CSE logo University of Washington Computer Science & Engineering
 CSE 490h: Problem-solving on large-scale clusters: theory and applications
  CSE Home   About Us    Search    Contact Info 

 Home
 Calendar & Readings
 Grading & Objectives
 Projects
 Staff
 Anonymous Feedback
 Mail archiveCSE only
    Summary:
In this project, you will get an introduction to some of the concepts in involved in indexing and ranking web documents. You will use MapReduce to perform a task called "Offline Query Processing." What that means is, given a query and a repository, which document(s) best match that query.

Details:
In a traditional search engine doing this in real time is important. To achieve this, an inverted index is used to quickly tell which documents match a query, and that index contains just enough information to score the documents. You generally have the same information about every document. You will know what documents contain a word, but you wouldn't know, for example, what the adjacent words in the document were.

Processing queries offline actually allows you to "index" whatever information you want about each individual document. You can think of it as selectively indexing documents that match the query, and then using that temporary index to score just those documents. In theory, you should be able to do a much better job than a traditional real time index/query system.

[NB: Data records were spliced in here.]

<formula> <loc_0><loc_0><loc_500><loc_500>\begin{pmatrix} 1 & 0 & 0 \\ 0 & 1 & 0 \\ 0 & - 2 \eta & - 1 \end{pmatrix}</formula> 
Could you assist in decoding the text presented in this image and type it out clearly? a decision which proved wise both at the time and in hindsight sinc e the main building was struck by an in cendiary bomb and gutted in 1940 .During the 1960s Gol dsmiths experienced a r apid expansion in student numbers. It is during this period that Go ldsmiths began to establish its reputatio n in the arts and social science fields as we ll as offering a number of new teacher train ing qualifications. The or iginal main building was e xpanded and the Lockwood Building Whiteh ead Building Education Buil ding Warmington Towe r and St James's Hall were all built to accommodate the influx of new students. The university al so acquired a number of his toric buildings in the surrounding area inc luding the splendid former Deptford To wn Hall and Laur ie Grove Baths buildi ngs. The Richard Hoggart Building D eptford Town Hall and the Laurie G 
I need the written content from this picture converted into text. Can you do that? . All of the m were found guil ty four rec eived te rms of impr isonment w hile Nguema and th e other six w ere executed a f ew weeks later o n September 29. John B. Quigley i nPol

Once you have a repository, there are two main steps in ranking. First, you need to figure out which documents you want to score. This is called document selection. This generally means "which documents contain all the words in my query," but dont forget about OR queries, etc. Once you have a set of documents to score, you need to look at the features of each document, and come up with a score to represent how well that document matches the query. This is called scoring.

How to get started:
We are going to give you some starter code. This code will
1) Read in the repository and query
2) For each document, determine if it matches the query
3) If so, emit a term vector for that document. A term vector is a mapping of terms to the number of times that term occurred.
4) Score documents.
5) Sort the documents by score.

Let's talk a little bit more about each step.
1) Read in the repository. A repository is just a collection of documents, in this case, web pages found on the internet. You will want to setup you mapreduce to use the repository as one input, and a text file with your query as another.
2) For each document, determine if it matches the query. In a simple query language, one in which all  terms are ANDed together, checking if a document matches is very easy. Simply create a hash table that maps query terms to bits, start all the bits at 0, and as you process the document, check to see if the has table contains each term. If it does, flip that bit to 1, and move on. If, after processing the whole document, all the values in your hash table are 1, you have a match.
3) If so, emit a term vector for that document. Generating a term vector could be done at the same time. You could create a new hash table that maps terms to ints. While considering each term, look it up in this table. If it doesnt exist, insert it with a value of 1. If it does, increment the value by 1. When you are done, you know how many times each word occured in this document. When you emit this vector, the key should be the document (url) this feature is relevant to, and the value should be that feature (the term vector).
4) Score documents. In this most simple example, we say a document is a good match if the query terms occur a lot. This is actually not a
good method.
5) When you are done, you will have a mapping of documents to their score. Run another quick mapreduce to sort these by score and look at the first few entries.

Mandatory Extensions:
1) Use anchor text as a feature. While processing page A, when you see a link to B with the text T, you should emit a feature for page B. <B,T>. T can then be used while scoring page B even though you found it on page A.
2) Use one additional feature of your own invention.
3) Develop a scoring algorithm that uses 1 and 2.

Optional Extensions:
1) Enhanced query language. Just using AND to combine terms can get kinda boring. You could implement a more robust query language that allows for things like OR, regular expressions, numeric ranges, stems (look up porter stemming algorithm).
2) Score multiple queries at once. How much more work do you think it is to process 100 queries than 1? How does this change your Reduce?
3) Other link based features. Can you think of link based features? Maybe something as simple as counting in/out links. Maybe something as complicated as computing page rank, and combining with 4.
4) Multiple passes. Can you do more in two mapreductions than one?